**Activity**
Nothing but a verbatim copy of the data, minus the images, should be returned.

________________________

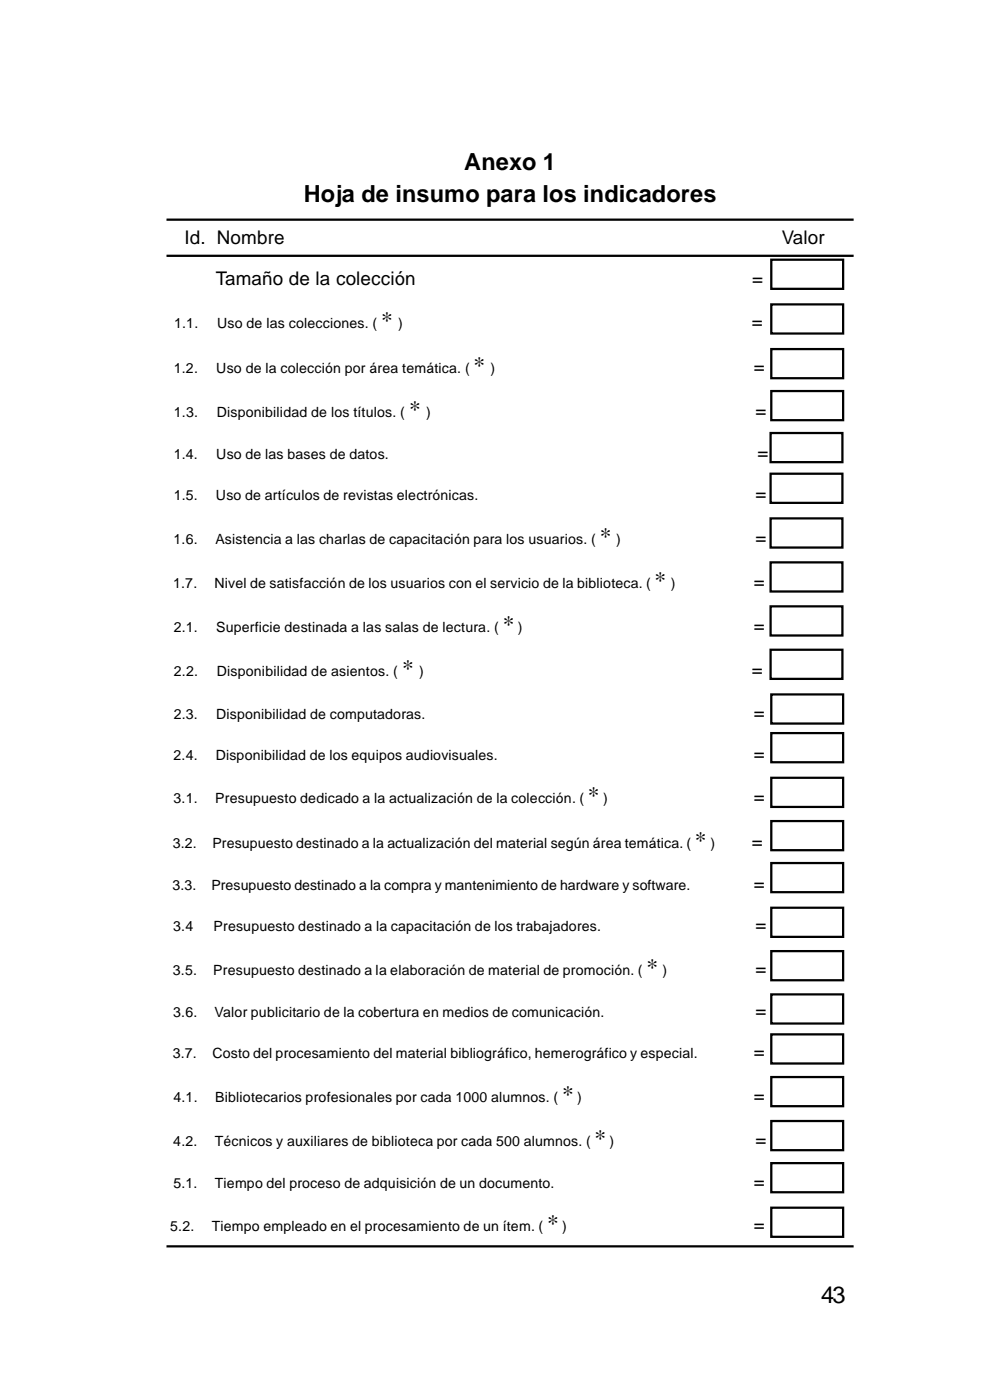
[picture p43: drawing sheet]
<svg xmlns="http://www.w3.org/2000/svg" width="148mm" height="210mm" viewBox="0 0 148 210" stroke-linecap="round" stroke-linejoin="round" font-family="sans-serif">
<defs><g id="words">
<g font-size="3.5">
<text x="69.6" y="25.5">Anexo 1</text>
<text x="45.5" y="30.3">Hoja de insumo para los indicadores</text>
<text x="57.2" y="49.3">*</text>
<text x="71" y="55.9">*</text>
<text x="61.4" y="62.5">*</text>
<text x="89.9" y="81.6">*</text>
<text x="98.2" y="88.2">*</text>
<text x="75.4" y="94.8">*</text>
<text x="60.3" y="101.4">*</text>
<text x="88.2" y="120.5">*</text>
<text x="104.2" y="127.1">*</text>
<text x="96.9" y="146.2">*</text>
<text x="84.3" y="165.2">*</text>
<text x="89.1" y="171.9">*</text>
<text x="82" y="184.7">*</text>
<text x="123.1" y="195.4">43</text>
</g>
<g font-size="2.8">
<text x="27.7" y="36.6">Id. Nombre</text>
<text x="117.2" y="36.6">Valor</text>
<text x="32.4" y="42.8">Tamaño de la colección</text>
<text x="112.8" y="42.8">=</text>
<text x="112.8" y="49.3">=</text>
<text x="113" y="55.9">=</text>
<text x="113.3" y="62.5">=</text>
<text x="113.6" y="68.9">=</text>
<text x="113.3" y="75.1">=</text>
<text x="113.3" y="81.6">=</text>
<text x="113" y="88.2">=</text>
<text x="113" y="94.8">=</text>
<text x="112.8" y="101.4">=</text>
<text x="113" y="107.8">=</text>
<text x="113" y="114">=</text>
<text x="113" y="120.5">=</text>
<text x="112.8" y="127.1">=</text>
<text x="113" y="133.5">=</text>
<text x="113.3" y="139.7">=</text>
<text x="113.3" y="146.2">=</text>
<text x="113.3" y="152.5">=</text>
<text x="113" y="158.8">=</text>
<text x="113" y="165.2">=</text>
<text x="113.3" y="171.9">=</text>
<text x="113" y="178.2">=</text>
<text x="113" y="184.7">=</text>
</g>
<g font-size="2.1">
<text x="26.1" y="49.3">1.1.</text>
<text x="32.6" y="49.3">Uso de las colecciones. (</text>
<text x="59.7" y="49.3">)</text>
<text x="26.1" y="55.9">1.2.</text>
<text x="32.4" y="55.9">Uso de la colección por área temática. (</text>
<text x="73.6" y="55.9">)</text>
<text x="26.1" y="62.5">1.3.</text>
<text x="32.5" y="62.5">Disponibilidad de los títulos. (</text>
<text x="63.9" y="62.5">)</text>
<text x="26.1" y="68.9">1.4.</text>
<text x="32.4" y="68.9">Uso de las bases de datos.</text>
<text x="26" y="75.1">1.5.</text>
<text x="32.4" y="75.1">Uso de artículos de revistas electrónicas.</text>
<text x="26" y="81.6">1.6.</text>
<text x="32.3" y="81.6">Asistencia a las charlas de capacitación para los usuarios. (</text>
<text x="92.4" y="81.6">)</text>
<text x="26" y="88.2">1.7.</text>
<text x="32.1" y="88.2">Nivel de satisfacción de los usuarios con el servicio de la biblioteca. (</text>
<text x="100.6" y="88.2">)</text>
<text x="26" y="94.8">2.1.</text>
<text x="32.4" y="94.8">Superficie destinada a las salas de lectura. (</text>
<text x="77.7" y="94.8">)</text>
<text x="26.1" y="101.4">2.2.</text>
<text x="32.5" y="101.4">Disponibilidad de asientos. (</text>
<text x="62.9" y="101.4">)</text>
<text x="26.1" y="107.8">2.3.</text>
<text x="32.4" y="107.8">Disponibilidad de computadoras.</text>
<text x="26" y="114">2.4.</text>
<text x="32.3" y="114">Disponibilidad de los equipos audiovisuales.</text>
<text x="26" y="120.5">3.1.</text>
<text x="32.3" y="120.5">Presupuesto dedicado a la actualización de la colección. (</text>
<text x="90.5" y="120.5">)</text>
<text x="25.9" y="127.1">3.2.</text>
<text x="31.8" y="127.1">Presupuesto destinado a la actualización del material según área temática. (</text>
<text x="106.5" y="127.1">)</text>
<text x="25.9" y="133.5">3.3.</text>
<text x="31.7" y="133.5">Presupuesto destinado a la compra y mantenimiento de hardware y software.</text>
<text x="26" y="139.7">3.4</text>
<text x="32" y="139.7">Presupuesto destinado a la capacitación de los trabajadores.</text>
<text x="25.9" y="146.2">3.5.</text>
<text x="32" y="146.2">Presupuesto destinado a la elaboración de material de promoción. (</text>
<text x="99.3" y="146.2">)</text>
<text x="26" y="152.5">3.6.</text>
<text x="32.2" y="152.5">Valor publicitario de la cobertura en medios de comunicación.</text>
<text x="25.9" y="158.8">3.7.</text>
<text x="31.9" y="158.8">Costo del procesamiento del material bibliográfico, hemerográfico y especial.</text>
<text x="26" y="165.2">4.1.</text>
<text x="32.3" y="165.2">Bibliotecarios profesionales por cada 1000 alumnos. (</text>
<text x="86.6" y="165.2">)</text>
<text x="26" y="171.9">4.2.</text>
<text x="32.2" y="171.9">Técnicos y auxiliares de biblioteca por cada 500 alumnos. (</text>
<text x="91.4" y="171.9">)</text>
<text x="26" y="178.2">5.1.</text>
<text x="32.2" y="178.2">Tiempo del proceso de adquisición de un documento.</text>
<text x="25.5" y="184.7">5.2.</text>
<text x="31.8" y="184.7">Tiempo empleado en el procesamiento de un ítem. (</text>
<text x="84.3" y="184.7">)</text>
</g>
</g></defs>
<g fill="none" stroke="#000" stroke-width=".34">
<path d="M25 33h103M25 38.4h103M115.7 39h10.7v4.3h-10.7zM115.7 52.4h10.7v4.3h-10.7zM115.7 45.7h10.7v4.3h-10.7zM115.7 58.7h10.7v4.3h-10.7zM115.6 65h10.7v4.3h-10.7zM115.6 71.1h10.7v4.3h-10.7zM115.6 77.8h10.7v4.3h-10.7zM115.6 84.4h10.7v4.3h-10.7zM115.6 91h10.7v4.3h-10.7zM115.6 97.5h10.7v4.3h-10.7z"/>
<path d="M115.7 104.2h10.7v4.3h-10.7zM115.7 110h10.7v4.3h-10.7zM115.7 116.7h10.7v4.3h-10.7zM115.7 123.2h10.7v4.3h-10.7zM115.7 129.5h10.7v4.3h-10.7zM115.7 136.2h10.7v4.3h-10.7zM115.7 142.7h10.7v4.3h-10.7zM115.7 149.2h10.7v4.3h-10.7zM115.7 155.2h10.7v4.3h-10.7zM115.7 161.6h10.7v4.3h-10.7zM115.7 168.2h10.7v4.3h-10.7zM115.7 174.5h10.7v4.3h-10.7z"/>
<path d="M25 187h103M115.7 181.2h10.7v4.3h-10.7z"/>
</g>
<use href="#words"/>
</svg>

________________________

**Solution**
[picture p43: drawing sheet]
<svg xmlns="http://www.w3.org/2000/svg" width="148mm" height="210mm" viewBox="0 0 148 210" stroke-linecap="round" stroke-linejoin="round" font-family="sans-serif">
<defs><g id="words">
<g font-size="3.5">
<text x="69.6" y="25.5">Anexo 1</text>
<text x="45.5" y="30.3">Hoja de insumo para los indicadores</text>
<text x="57.2" y="49.3">*</text>
<text x="71" y="55.9">*</text>
<text x="61.4" y="62.5">*</text>
<text x="89.9" y="81.6">*</text>
<text x="98.2" y="88.2">*</text>
<text x="75.4" y="94.8">*</text>
<text x="60.3" y="101.4">*</text>
<text x="88.2" y="120.5">*</text>
<text x="104.2" y="127.1">*</text>
<text x="96.9" y="146.2">*</text>
<text x="84.3" y="165.2">*</text>
<text x="89.1" y="171.9">*</text>
<text x="82" y="184.7">*</text>
<text x="123.1" y="195.4">43</text>
</g>
<g font-size="2.8">
<text x="27.7" y="36.6">Id. Nombre</text>
<text x="117.2" y="36.6">Valor</text>
<text x="32.4" y="42.8">Tamaño de la colección</text>
<text x="112.8" y="42.8">=</text>
<text x="112.8" y="49.3">=</text>
<text x="113" y="55.9">=</text>
<text x="113.3" y="62.5">=</text>
<text x="113.6" y="68.9">=</text>
<text x="113.3" y="75.1">=</text>
<text x="113.3" y="81.6">=</text>
<text x="113" y="88.2">=</text>
<text x="113" y="94.8">=</text>
<text x="112.8" y="101.4">=</text>
<text x="113" y="107.8">=</text>
<text x="113" y="114">=</text>
<text x="113" y="120.5">=</text>
<text x="112.8" y="127.1">=</text>
<text x="113" y="133.5">=</text>
<text x="113.3" y="139.7">=</text>
<text x="113.3" y="146.2">=</text>
<text x="113.3" y="152.5">=</text>
<text x="113" y="158.8">=</text>
<text x="113" y="165.2">=</text>
<text x="113.3" y="171.9">=</text>
<text x="113" y="178.2">=</text>
<text x="113" y="184.7">=</text>
</g>
<g font-size="2.1">
<text x="26.1" y="49.3">1.1.</text>
<text x="32.6" y="49.3">Uso de las colecciones. (</text>
<text x="59.7" y="49.3">)</text>
<text x="26.1" y="55.9">1.2.</text>
<text x="32.4" y="55.9">Uso de la colección por área temática. (</text>
<text x="73.6" y="55.9">)</text>
<text x="26.1" y="62.5">1.3.</text>
<text x="32.5" y="62.5">Disponibilidad de los títulos. (</text>
<text x="63.9" y="62.5">)</text>
<text x="26.1" y="68.9">1.4.</text>
<text x="32.4" y="68.9">Uso de las bases de datos.</text>
<text x="26" y="75.1">1.5.</text>
<text x="32.4" y="75.1">Uso de artículos de revistas electrónicas.</text>
<text x="26" y="81.6">1.6.</text>
<text x="32.3" y="81.6">Asistencia a las charlas de capacitación para los usuarios. (</text>
<text x="92.4" y="81.6">)</text>
<text x="26" y="88.2">1.7.</text>
<text x="32.1" y="88.2">Nivel de satisfacción de los usuarios con el servicio de la biblioteca. (</text>
<text x="100.6" y="88.2">)</text>
<text x="26" y="94.8">2.1.</text>
<text x="32.4" y="94.8">Superficie destinada a las salas de lectura. (</text>
<text x="77.7" y="94.8">)</text>
<text x="26.1" y="101.4">2.2.</text>
<text x="32.5" y="101.4">Disponibilidad de asientos. (</text>
<text x="62.9" y="101.4">)</text>
<text x="26.1" y="107.8">2.3.</text>
<text x="32.4" y="107.8">Disponibilidad de computadoras.</text>
<text x="26" y="114">2.4.</text>
<text x="32.3" y="114">Disponibilidad de los equipos audiovisuales.</text>
<text x="26" y="120.5">3.1.</text>
<text x="32.3" y="120.5">Presupuesto dedicado a la actualización de la colección. (</text>
<text x="90.5" y="120.5">)</text>
<text x="25.9" y="127.1">3.2.</text>
<text x="31.8" y="127.1">Presupuesto destinado a la actualización del material según área temática. (</text>
<text x="106.5" y="127.1">)</text>
<text x="25.9" y="133.5">3.3.</text>
<text x="31.7" y="133.5">Presupuesto destinado a la compra y mantenimiento de hardware y software.</text>
<text x="26" y="139.7">3.4</text>
<text x="32" y="139.7">Presupuesto destinado a la capacitación de los trabajadores.</text>
<text x="25.9" y="146.2">3.5.</text>
<text x="32" y="146.2">Presupuesto destinado a la elaboración de material de promoción. (</text>
<text x="99.3" y="146.2">)</text>
<text x="26" y="152.5">3.6.</text>
<text x="32.2" y="152.5">Valor publicitario de la cobertura en medios de comunicación.</text>
<text x="25.9" y="158.8">3.7.</text>
<text x="31.9" y="158.8">Costo del procesamiento del material bibliográfico, hemerográfico y especial.</text>
<text x="26" y="165.2">4.1.</text>
<text x="32.3" y="165.2">Bibliotecarios profesionales por cada 1000 alumnos. (</text>
<text x="86.6" y="165.2">)</text>
<text x="26" y="171.9">4.2.</text>
<text x="32.2" y="171.9">Técnicos y auxiliares de biblioteca por cada 500 alumnos. (</text>
<text x="91.4" y="171.9">)</text>
<text x="26" y="178.2">5.1.</text>
<text x="32.2" y="178.2">Tiempo del proceso de adquisición de un documento.</text>
<text x="25.5" y="184.7">5.2.</text>
<text x="31.8" y="184.7">Tiempo empleado en el procesamiento de un ítem. (</text>
<text x="84.3" y="184.7">)</text>
</g>
</g></defs>
<g fill="none" stroke="#000" stroke-width=".34">
<path d="M25 33h103M25 38.4h103M115.7 39h10.7v4.3h-10.7zM115.7 52.4h10.7v4.3h-10.7zM115.7 45.7h10.7v4.3h-10.7zM115.7 58.7h10.7v4.3h-10.7zM115.6 65h10.7v4.3h-10.7zM115.6 71.1h10.7v4.3h-10.7zM115.6 77.8h10.7v4.3h-10.7zM115.6 84.4h10.7v4.3h-10.7zM115.6 91h10.7v4.3h-10.7zM115.6 97.5h10.7v4.3h-10.7z"/>
<path d="M115.7 104.2h10.7v4.3h-10.7zM115.7 110h10.7v4.3h-10.7zM115.7 116.7h10.7v4.3h-10.7zM115.7 123.2h10.7v4.3h-10.7zM115.7 129.5h10.7v4.3h-10.7zM115.7 136.2h10.7v4.3h-10.7zM115.7 142.7h10.7v4.3h-10.7zM115.7 149.2h10.7v4.3h-10.7zM115.7 155.2h10.7v4.3h-10.7zM115.7 161.6h10.7v4.3h-10.7zM115.7 168.2h10.7v4.3h-10.7zM115.7 174.5h10.7v4.3h-10.7z"/>
<path d="M25 187h103M115.7 181.2h10.7v4.3h-10.7z"/>
</g>
<use href="#words"/>
</svg>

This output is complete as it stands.